Les pourfendeurs de Youssoupha ont-ils assez d’honnêteté intellectuelle pour repérer que la phrase incriminée, dans la même chanson, est relancée par une autre, non moins assassine : « Viens on arrête de croire qu’avoir une grosse barbe ça te garantit d’aller au paradis » ? Faut-il apprendre à ces détracteurs cultivés qu’on peut, s’agissant d’une chose, d’un être, d’une idée, nourrir à son endroit des sentiments mélangés ? « Plus grand aura été notre amour, plus grande en sera la haine » remarquait sagement Spinoza. À l’égard de l’école, de la rue, de la nation peut-être, Youssoupha est partagé, comme l’Humanité tout entière est régulièrement divisée, il navigue entre la dette et le dégoût, hésite entre la célébration et la condamnation. Il doute, au point d’allumer une bougie « pour éclairer nos remords ».

Certes, rien ne nous oblige à la parole, et si nous choisissons de dire, nous le faisons en portant le monde et nos mots sur nos épaules. En ce sens, ce que Sartre dit de l’écrivain dans Situations II (1948) est valable pour tout utilisateur de cet or, les mots, chanteurs compris : « L’écrivain est en situation dans son époque : chaque parole a des retentissements. Chaque silence aussi. [...] Il sait que les mots, comme dit Brice Parain, sont des "pistolets chargés". S’il parle, il tire. Il peut se taire, mais puisqu’il a choisi de tirer, il faut que ce soit comme un homme, en visant des cibles et non comme un enfant, au hasard, en fermant les yeux et pour le seul plaisir d’entendre les détonations. »

LES PRÉCÉDENTS D'ARAGON ET D'ORELSAN

Rappelons calmement que le devoir de responsabilité qui entoure l’usage des mots voisine avec un autre droit, celui d’évoluer, de muer, de se contredire, d’exagérer, de se transfigurer, d’hyperboliser même. Le reflet de soi dans une phrase n’est pas nécessairement le reflet exact de soi ! Continuons simplement en disant que la provocation est une musique qui n’a jamais cessé d’être jouée dans l’art. Aurait-on idée de pénaliser rétrospectivement les propos d’Aragon « Feu sur Léon Blum, feu les ours savants de la social-démocratie » ou d’incriminer Eminem pour ses travestissements identitaires dans ses raps ? Depuis les procès et polémiques entourant Les Fleurs du malMadame Bovary… jusqu’au rappeur Orelsan plaidant le droit à « l’humour et l’hyperbole d’hyper mauvais goût »… la liberté visée est l’imagination.

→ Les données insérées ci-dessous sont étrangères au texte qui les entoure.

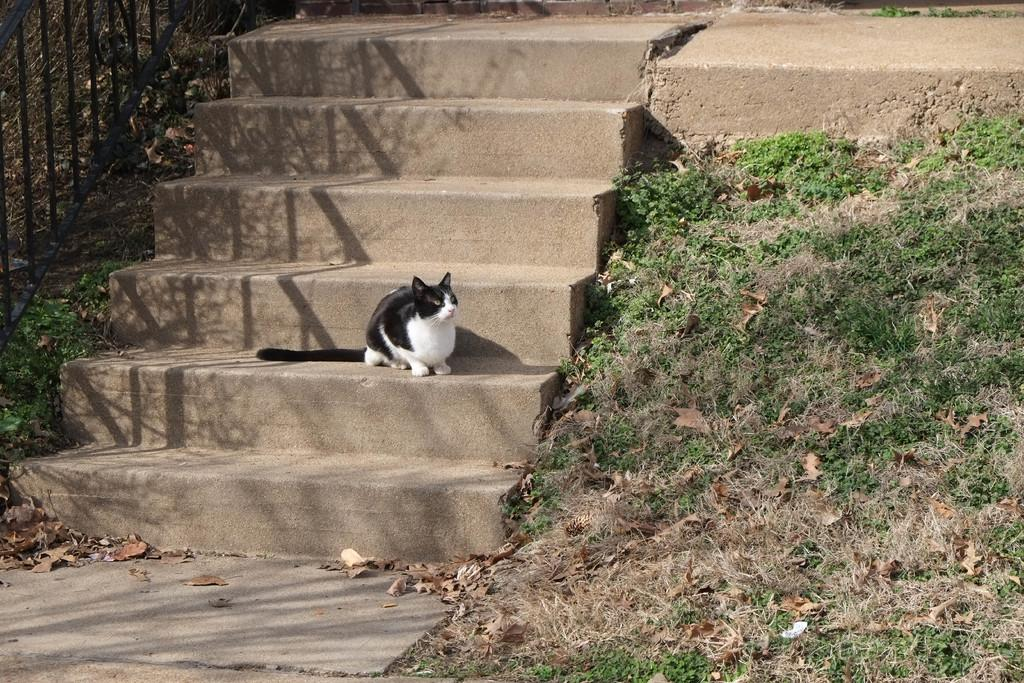Where was the image taken? The image was clicked outside. What can be seen on the left side of the image? There is iron railing on the left side of the image. What architectural feature is in the middle of the image? There are stairs in the middle of the image. What animal is present on the stairs? A cat is present on the stairs. What type of vegetation is on the right side of the image? There is grass on the right side of the image. What type of plate is being used by the cat to slide down the stairs in the image? There is no plate present in the image, and the cat is not sliding down the stairs. 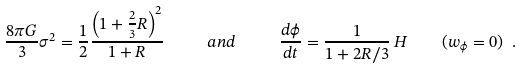<formula> <loc_0><loc_0><loc_500><loc_500>\frac { 8 \pi G } { 3 } \sigma ^ { 2 } = \frac { 1 } { 2 } \frac { \left ( 1 + \frac { 2 } { 3 } R \right ) ^ { 2 } } { 1 + R } \ \quad a n d \quad \ \frac { d \phi } { d t } = \frac { 1 } { 1 + 2 R / 3 } \, H \quad ( w _ { \phi } = 0 ) \ . \</formula> 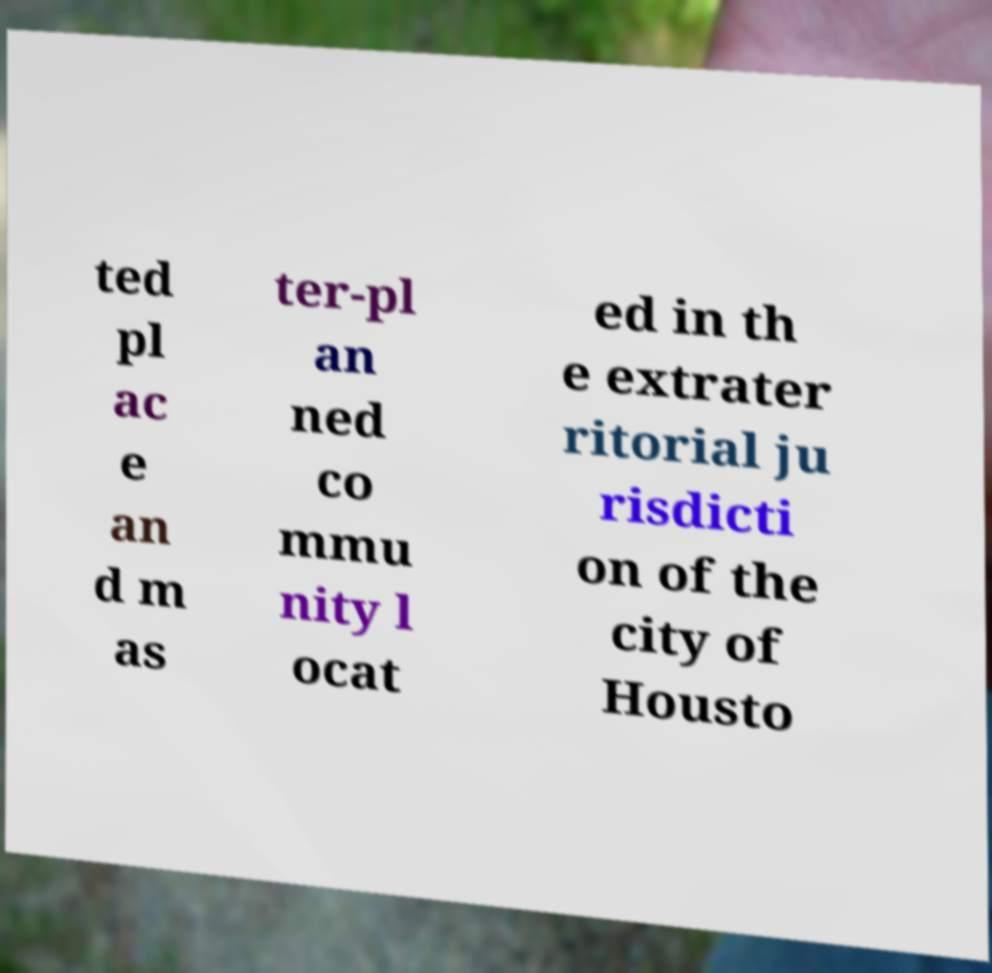Can you accurately transcribe the text from the provided image for me? ted pl ac e an d m as ter-pl an ned co mmu nity l ocat ed in th e extrater ritorial ju risdicti on of the city of Housto

Aux questions : « Doit-on conditionner cette liberté ? Peut-on seulement menotter la fiction ? » Gisèle Sapiro, auteure de Peut-on dissocier l’œuvre de l’artiste (Seuil), répondait récemment dans Marianne : « Une œuvre qui traitait de l’adultère au XIXe siècle, à l’instar de Madame Bovary, était accusée d’en faire l’apologie. Or, aux yeux des écrivains réalistes, taire un phénomène existant parce qu’il est prohibé relevait de l’hypocrisie bourgeoise. Cet argument a conduit à distinguer entre apologie et représentation. La littérature, comme le cinéma ou les arts plastiques, peuvent représenter des faits immoraux comme la violence et le viol, voire problématiser la morale, sans que cela relève de l’apologie. C’est à ce titre par exemple que le rappeur Orelsan a été relaxé de l’accusation d’incitation à la violence contre les femmes. On reconnaît désormais l’autonomie de l’univers fictionnel, même si les auteurs en jouent parfois pour faire passer des messages à travers les personnages de fiction. »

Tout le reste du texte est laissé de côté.